The rounded edges of this and other slabs had a crusty coating of lichens, including several species of rock tripe Umbilicaria spp., notably one locally rare species, the spiky U. cylindrica (photo 19).
Back to the path and a surprise
Half an hour later we were back on the path (NC211283), some 700m west of where we had left it. As we trudged back down to where we had started (much of the landscape had been rocky, wet, and quite tiring to navigate), we picked up a few trackside weeds such as annual meadow-grass Poa annua and procumbent pearlwort Sagina procumbens, to add to the list.
There was, however, a surprise, as we looked back over the greens where we had started recording some five hours before. Spread around the landscape were nearly thirty sheep (photo 20), with distinctive colour markings.

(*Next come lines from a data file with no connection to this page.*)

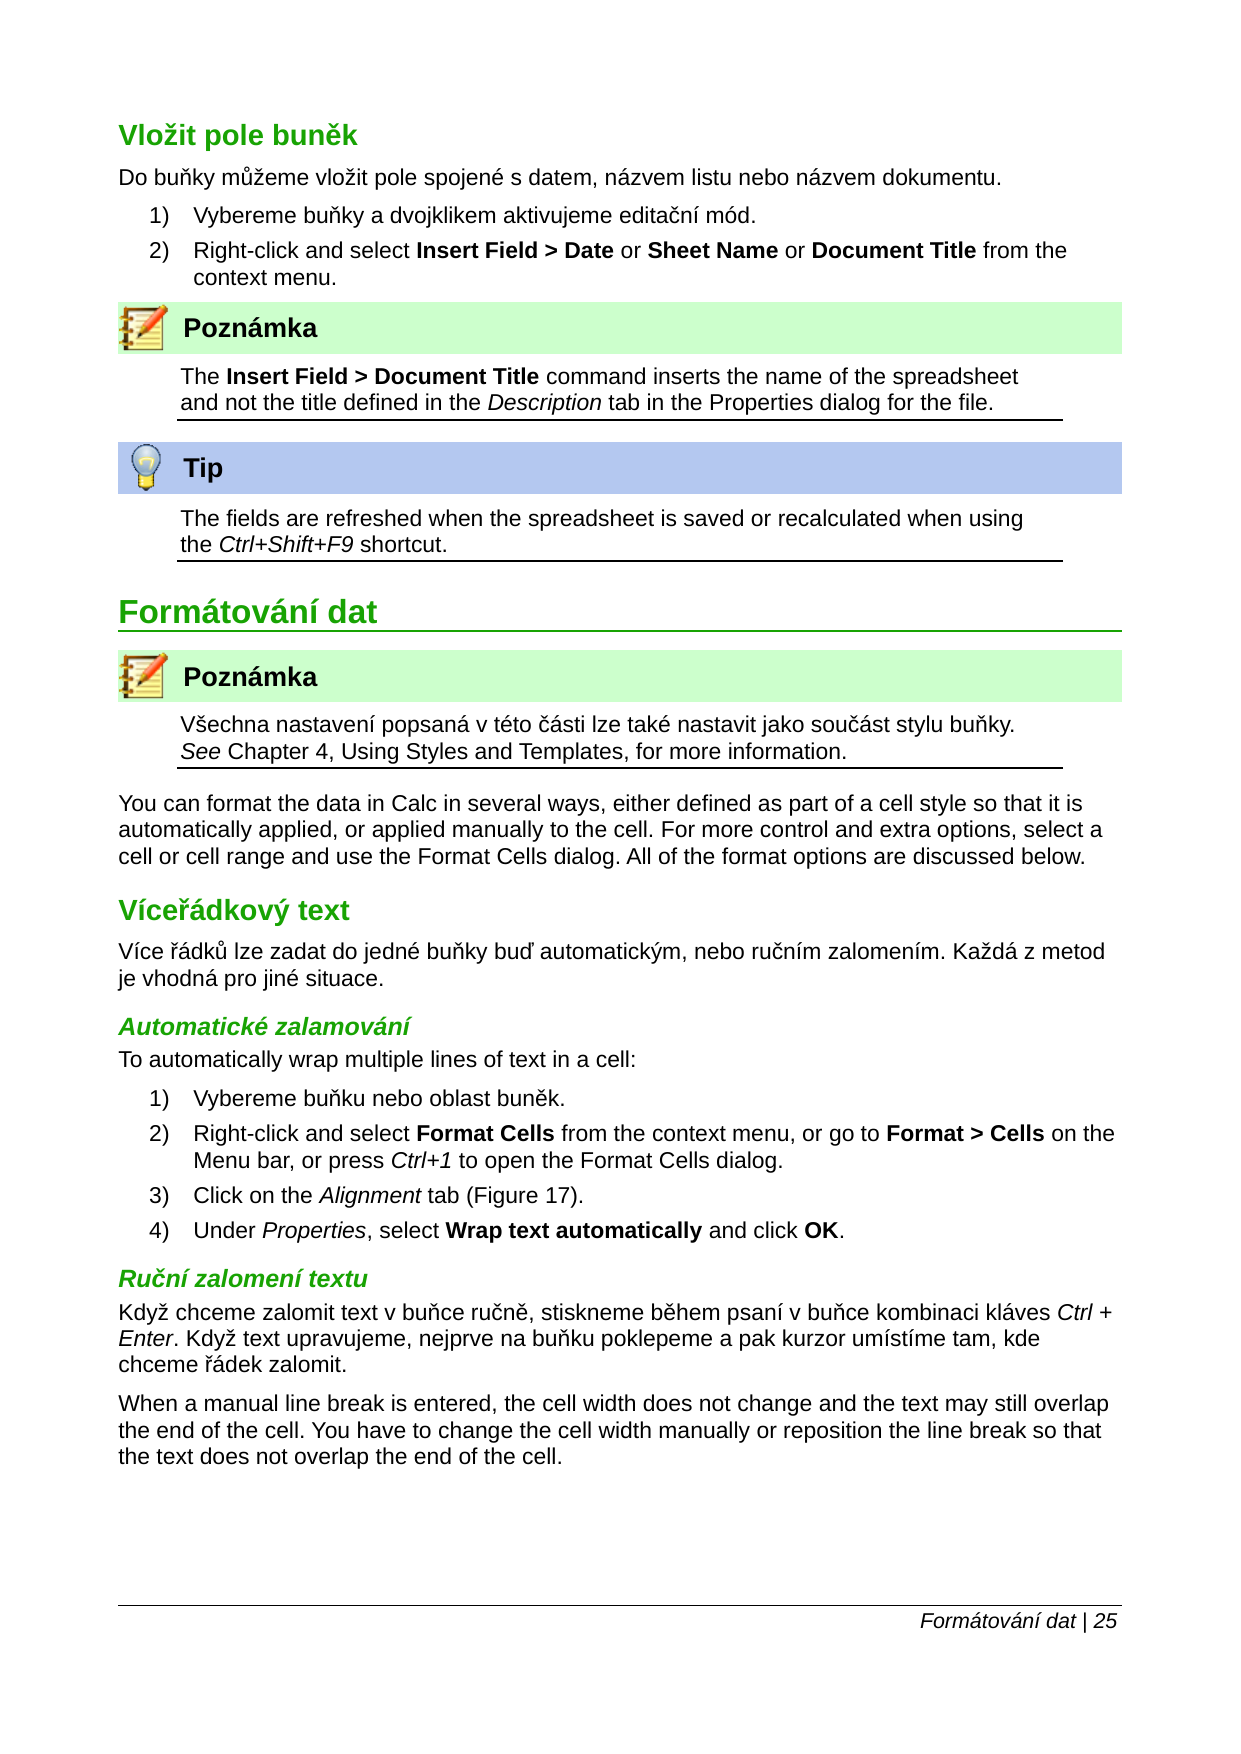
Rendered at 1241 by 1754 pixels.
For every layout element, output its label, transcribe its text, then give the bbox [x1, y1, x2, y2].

picture [119, 303, 170, 354]
subtitle Formátování dat [118, 592, 1122, 630]
subtitle Poznámka [118, 650, 1122, 702]
text Všechna nastavení popsaná v této části lze také nastavit jako součást stylu buňky. See Chapter 4, Using Styles and Templates, for more information. [177, 708, 1063, 767]
subtitle Poznámka [118, 302, 1122, 354]
subtitle Tip [170, 442, 1122, 494]
text To automatically wrap multiple lines of text in a cell: [118, 1046, 1122, 1072]
list Right-click and select Format Cells from the context menu, or go to Format > Cells on the Menu bar, or press Ctrl+1 to open the Format Cells dialog. [169, 1120, 1122, 1173]
text When a manual line break is entered, the cell width does not change and the text may still overlap the end of the cell. You have to change the cell width manually or reposition the line break so that the text does not overlap the end of the cell. [118, 1390, 1122, 1469]
list Under Properties, select Wrap text automatically and click OK. [169, 1217, 1122, 1243]
list Click on the Alignment tab (Figure 17). [169, 1182, 1122, 1208]
list Vybereme buňku nebo oblast buněk. [169, 1085, 1122, 1111]
text Do buňky můžeme vložit pole spojené s datem, názvem listu nebo názvem dokumentu. [118, 163, 1122, 190]
list Right-click and select Insert Field > Date or Sheet Name or Document Title from the context menu. [169, 237, 1122, 290]
text You can format the data in Calc in several ways, either defined as part of a cell style so that it is automatically applied, or applied manually to the cell. For more control and extra options, select a cell or cell range and use the Format Cells dialog. All of the format options are discussed below. [118, 790, 1122, 869]
subtitle Automatické zalamování [118, 1011, 1122, 1040]
picture [119, 651, 170, 702]
subtitle Ruční zalomení textu [118, 1264, 1122, 1293]
text The fields are refreshed when the spreadsheet is saved or recalculated when using the Ctrl+Shift+F9 shortcut. [177, 502, 1063, 560]
text The Insert Field > Document Title command inserts the name of the spreadsheet and not the title defined in the Description tab in the Properties dialog for the file. [177, 360, 1063, 419]
text Když chceme zalomit text v buňce ručně, stiskneme během psaní v buňce kombinaci kláves Ctrl + Enter. Když text upravujeme, nejprve na buňku poklepeme a pak kurzor umístíme tam, kde chceme řádek zalomit. [118, 1299, 1122, 1378]
text Více řádků lze zadat do jedné buňky buď automatickým, nebo ručním zalomením. Každá z metod je vhodná pro jiné situace. [118, 938, 1122, 991]
list Vybereme buňky a dvojklikem aktivujeme editační mód. [169, 202, 1122, 229]
subtitle Vložit pole buněk [118, 118, 1122, 152]
picture [119, 442, 170, 494]
subtitle Víceřádkový text [118, 893, 1122, 926]
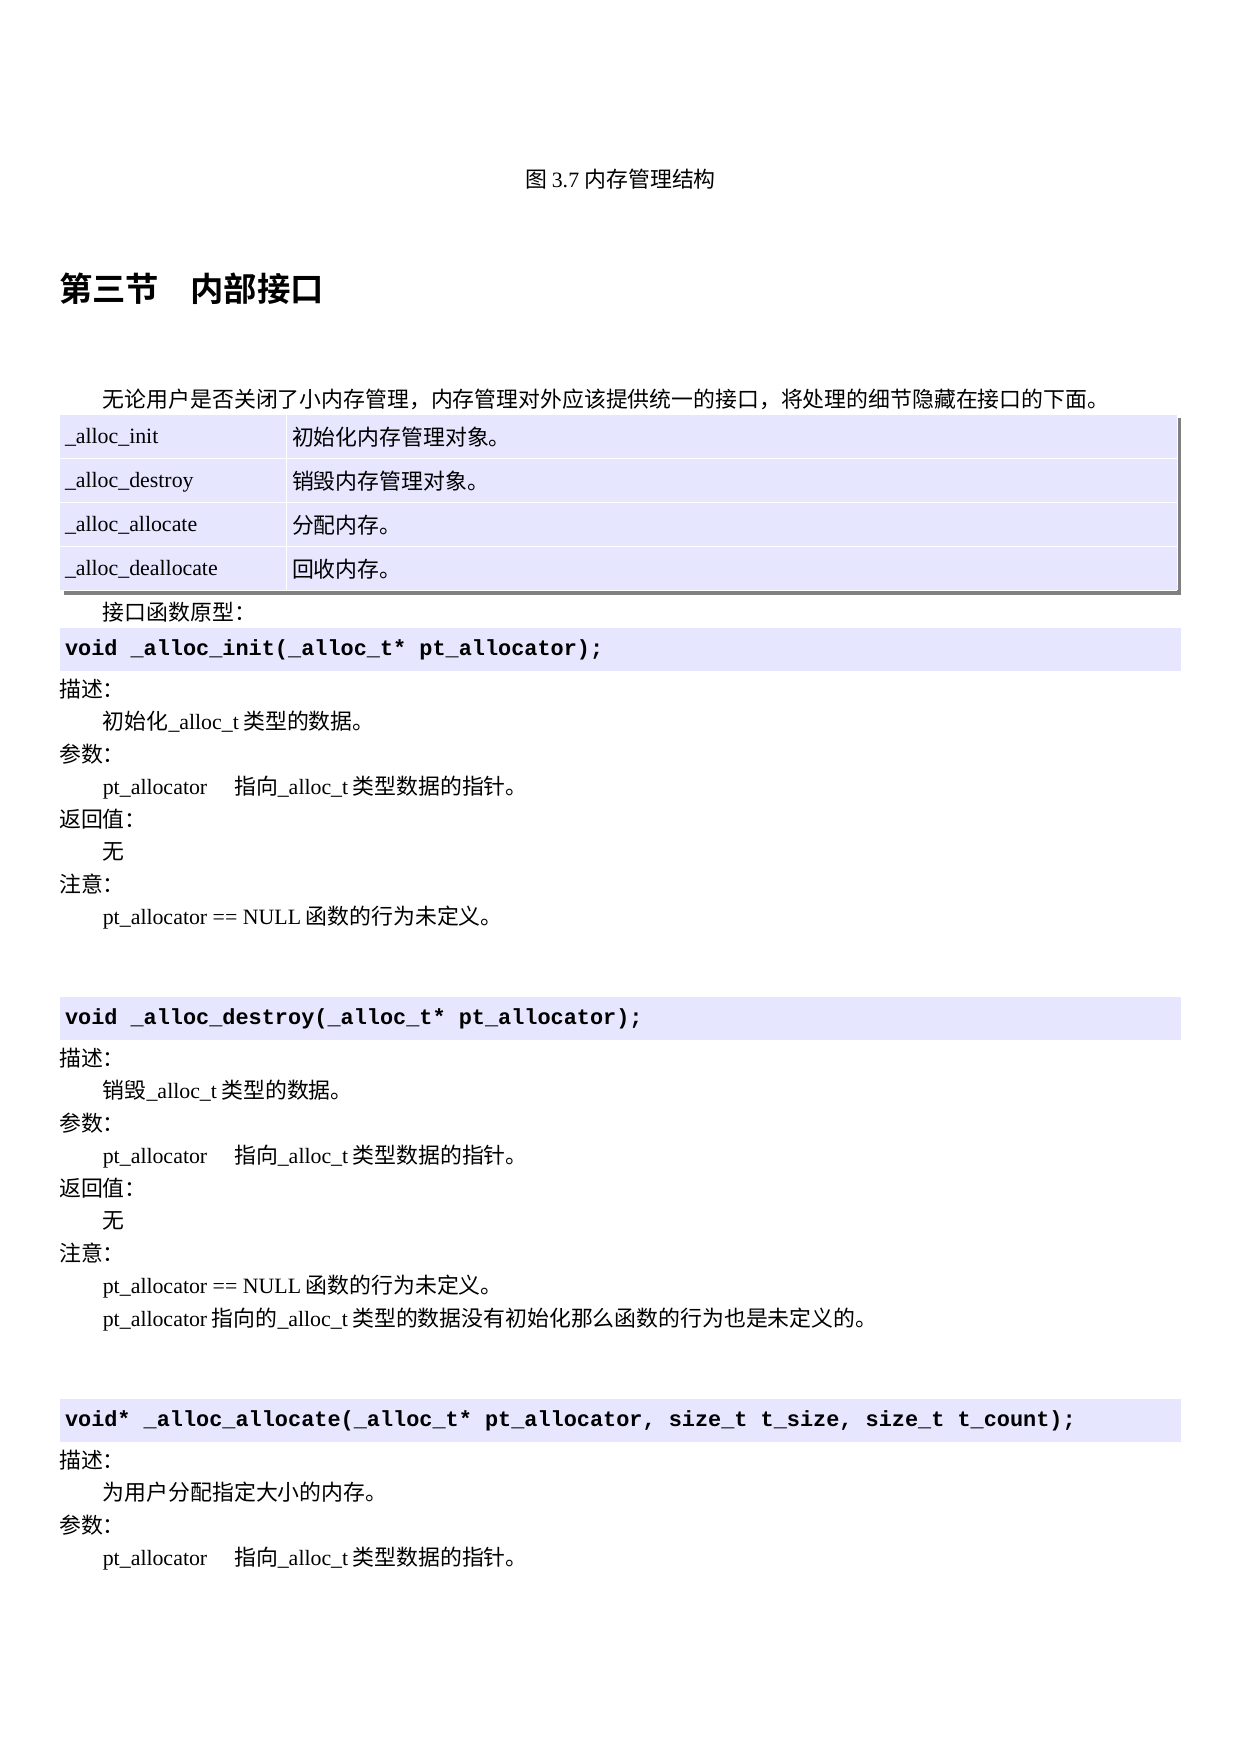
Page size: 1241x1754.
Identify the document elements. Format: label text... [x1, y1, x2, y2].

table_cell _alloc_destroy [60, 459, 286, 502]
text pt_allocator 指向_alloc_t类型数据的指针。 [59, 1540, 1181, 1572]
table_header void* _alloc_allocate(_alloc_t* pt_allocator, size_t t_size, size_t t_count); [60, 1399, 1181, 1442]
text 无 [59, 834, 1181, 866]
text 返回值： [59, 1171, 1181, 1203]
text pt_allocator 指向_alloc_t类型数据的指针。 [59, 1138, 1181, 1171]
table_header _alloc_init [60, 415, 286, 458]
text 注意： [59, 866, 1181, 899]
text 参数： [59, 1106, 1181, 1138]
text 注意： [59, 1236, 1181, 1268]
table_header 初始化内存管理对象。 [287, 415, 1177, 458]
text 销毁_alloc_t类型的数据。 [59, 1073, 1181, 1106]
table_cell _alloc_deallocate [60, 547, 286, 590]
text 返回值： [59, 801, 1181, 834]
text 接口函数原型： [59, 595, 1181, 627]
table_cell _alloc_allocate [60, 503, 286, 546]
text pt_allocator == NULL函数的行为未定义。 [59, 1268, 1181, 1301]
text 无论用户是否关闭了小内存管理，内存管理对外应该提供统一的接口，将处理的细节隐藏在接口的下面。 [59, 381, 1181, 414]
table_cell 销毁内存管理对象。 [287, 459, 1177, 502]
text 为用户分配指定大小的内存。 [59, 1475, 1181, 1507]
text 参数： [59, 736, 1181, 769]
text 图 3.7 内存管理结构 [59, 162, 1181, 194]
text pt_allocator == NULL函数的行为未定义。 [59, 899, 1181, 931]
table_cell 回收内存。 [287, 547, 1177, 590]
text 描述： [59, 1041, 1181, 1073]
text 无 [59, 1203, 1181, 1236]
table_cell 分配内存。 [287, 503, 1177, 546]
text 初始化_alloc_t类型的数据。 [59, 704, 1181, 736]
table_header void _alloc_destroy(_alloc_t* pt_allocator); [60, 997, 1181, 1040]
text pt_allocator指向的_alloc_t类型的数据没有初始化那么函数的行为也是未定义的。 [59, 1301, 1181, 1333]
text 参数： [59, 1507, 1181, 1540]
table_header void _alloc_init(_alloc_t* pt_allocator); [60, 628, 1181, 671]
text 描述： [59, 672, 1181, 704]
subtitle 内部接口 [59, 254, 1181, 319]
text pt_allocator 指向_alloc_t类型数据的指针。 [59, 769, 1181, 801]
text 描述： [59, 1443, 1181, 1475]
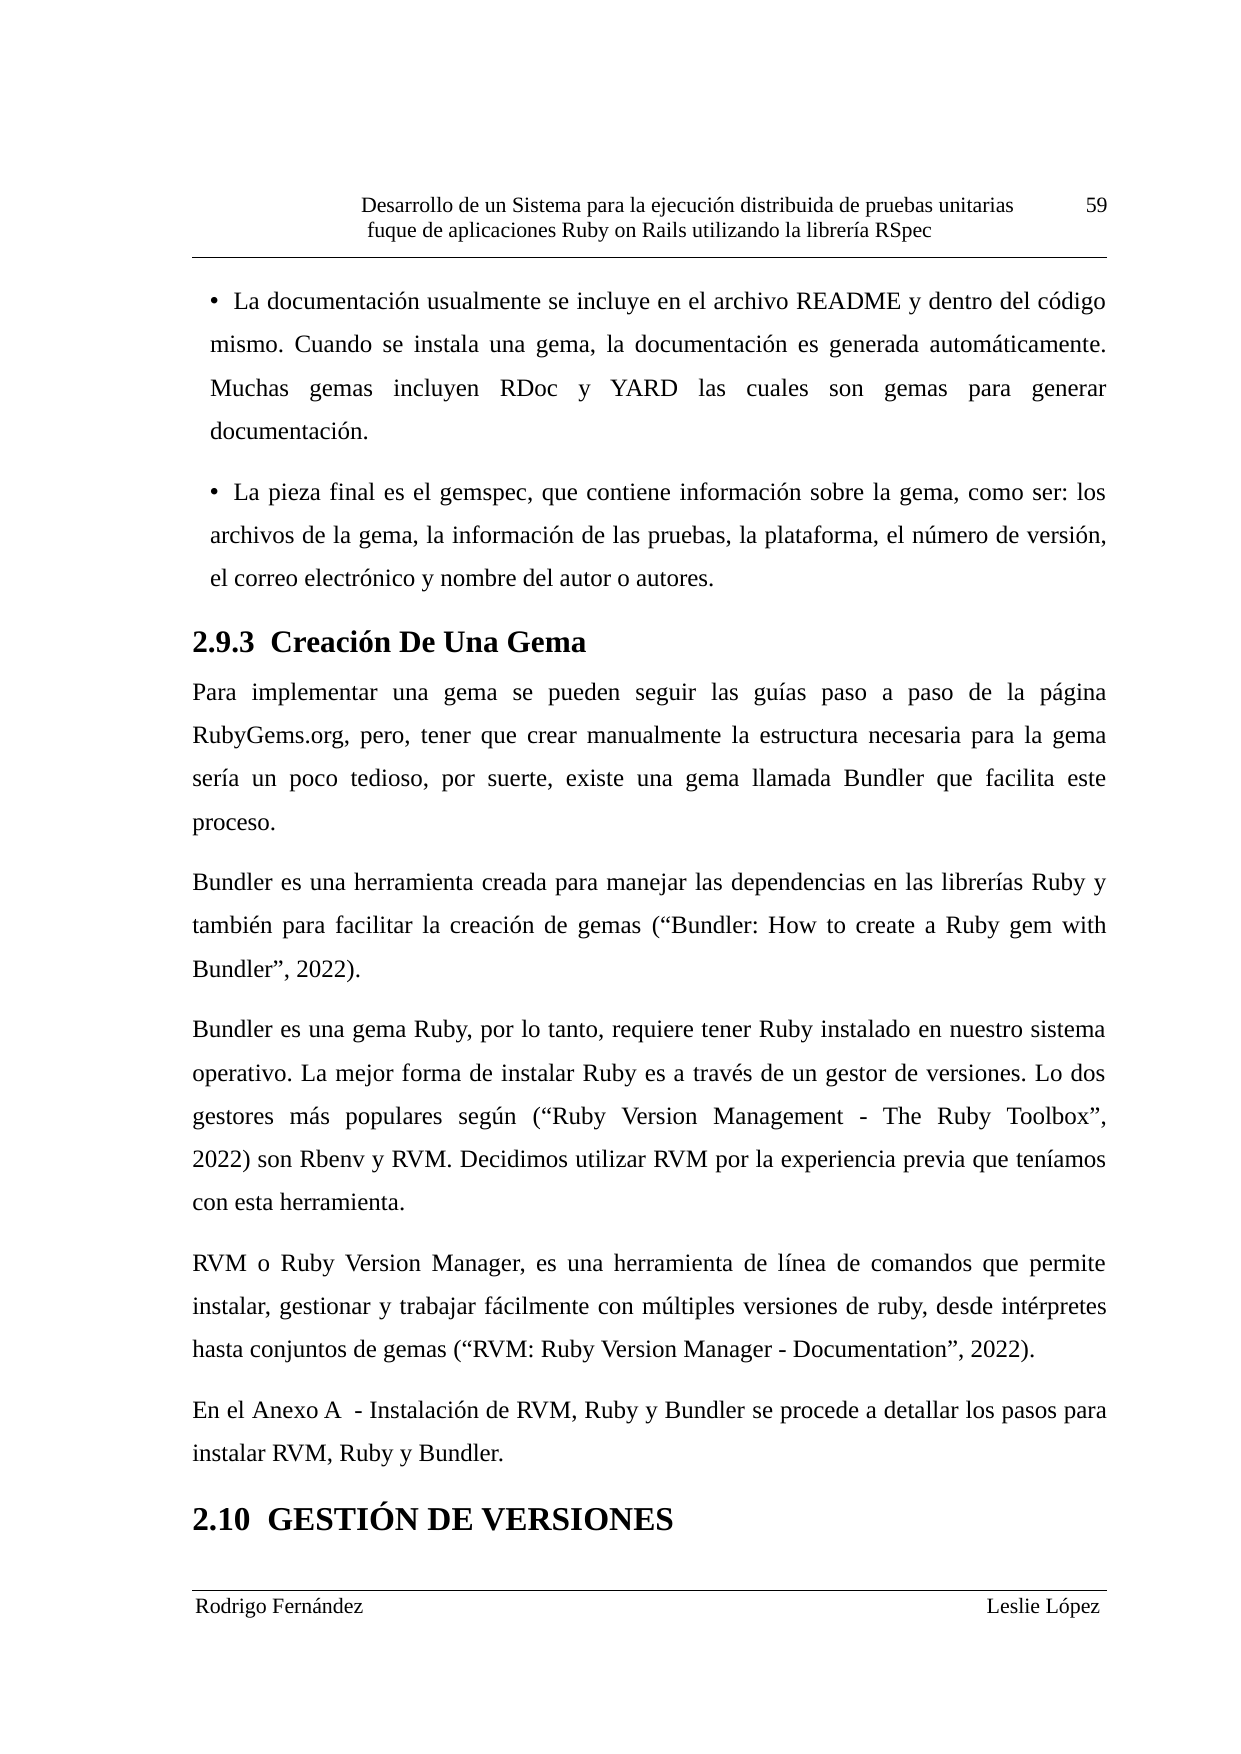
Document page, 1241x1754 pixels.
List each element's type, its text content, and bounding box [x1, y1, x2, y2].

subtitle Gestión de Versiones [192, 1499, 1107, 1537]
text Bundler es una herramienta creada para manejar las dependencias en las librerías Ruby y también para facilitar la creación de gemas (“Bundler: How to create a Ruby gem with Bundler”, 2022)⁠. [192, 867, 1107, 982]
text RVM o Ruby Version Manager, es una herramienta de línea de comandos que permite instalar, gestionar y trabajar fácilmente con múltiples versiones de ruby, desde intérpretes hasta conjuntos de gemas (“RVM: Ruby Version Manager - Documentation”, 2022)⁠. [192, 1248, 1107, 1363]
text En el Anexo A - Instalación de RVM, Ruby y Bundler se procede a detallar los pasos para instalar RVM, Ruby y Bundler. [192, 1395, 1107, 1467]
text Para implementar una gema se pueden seguir las guías paso a paso de la página RubyGems.org, pero, tener que crear manualmente la estructura necesaria para la gema sería un poco tedioso, por suerte, existe una gema llamada Bundler que facilita este proceso. [192, 677, 1107, 835]
text Bundler es una gema Ruby, por lo tanto, requiere tener Ruby instalado en nuestro sistema operativo. La mejor forma de instalar Ruby es a través de un gestor de versiones. Lo dos gestores más populares según (“Ruby Version Management - The Ruby Toolbox”, 2022)⁠ son Rbenv y RVM. Decidimos utilizar RVM por la experiencia previa que teníamos con esta herramienta. [192, 1014, 1107, 1216]
subtitle Creación de una Gema [192, 624, 1107, 659]
list La documentación usualmente se incluye en el archivo README y dentro del código mismo. Cuando se instala una gema, la documentación es generada automáticamente. Muchas gemas incluyen RDoc y YARD las cuales son gemas para generar documentación. [210, 286, 1107, 444]
list La pieza final es el gemspec, que contiene información sobre la gema, como ser: los archivos de la gema, la información de las pruebas, la plataforma, el número de versión, el correo electrónico y nombre del autor o autores. [210, 477, 1107, 592]

They must have moved up in the early afternoon, presumably from Newton or Unapool, but were a long way off the hill ground of those crofting townships.
We finally reached the carpark at 1645 hours, having covered about 5.5km and logged a modest and generally predictable 59 species, with no surprises (apart from the lone rowan). But we had the satisfaction of filling in one of the holes in our coverage of Quinag and had enjoyed the autumnal sunshine.
Animal life, not already mentioned, was sparse, with two sightings of red grouse, a distant raven (over Spidean Coinich), a black slug Arion ater, an irritating deer ked Lipoptena cervi and, on the roadside opposite the carpark, a solitary caterpillar of the white ermine moth.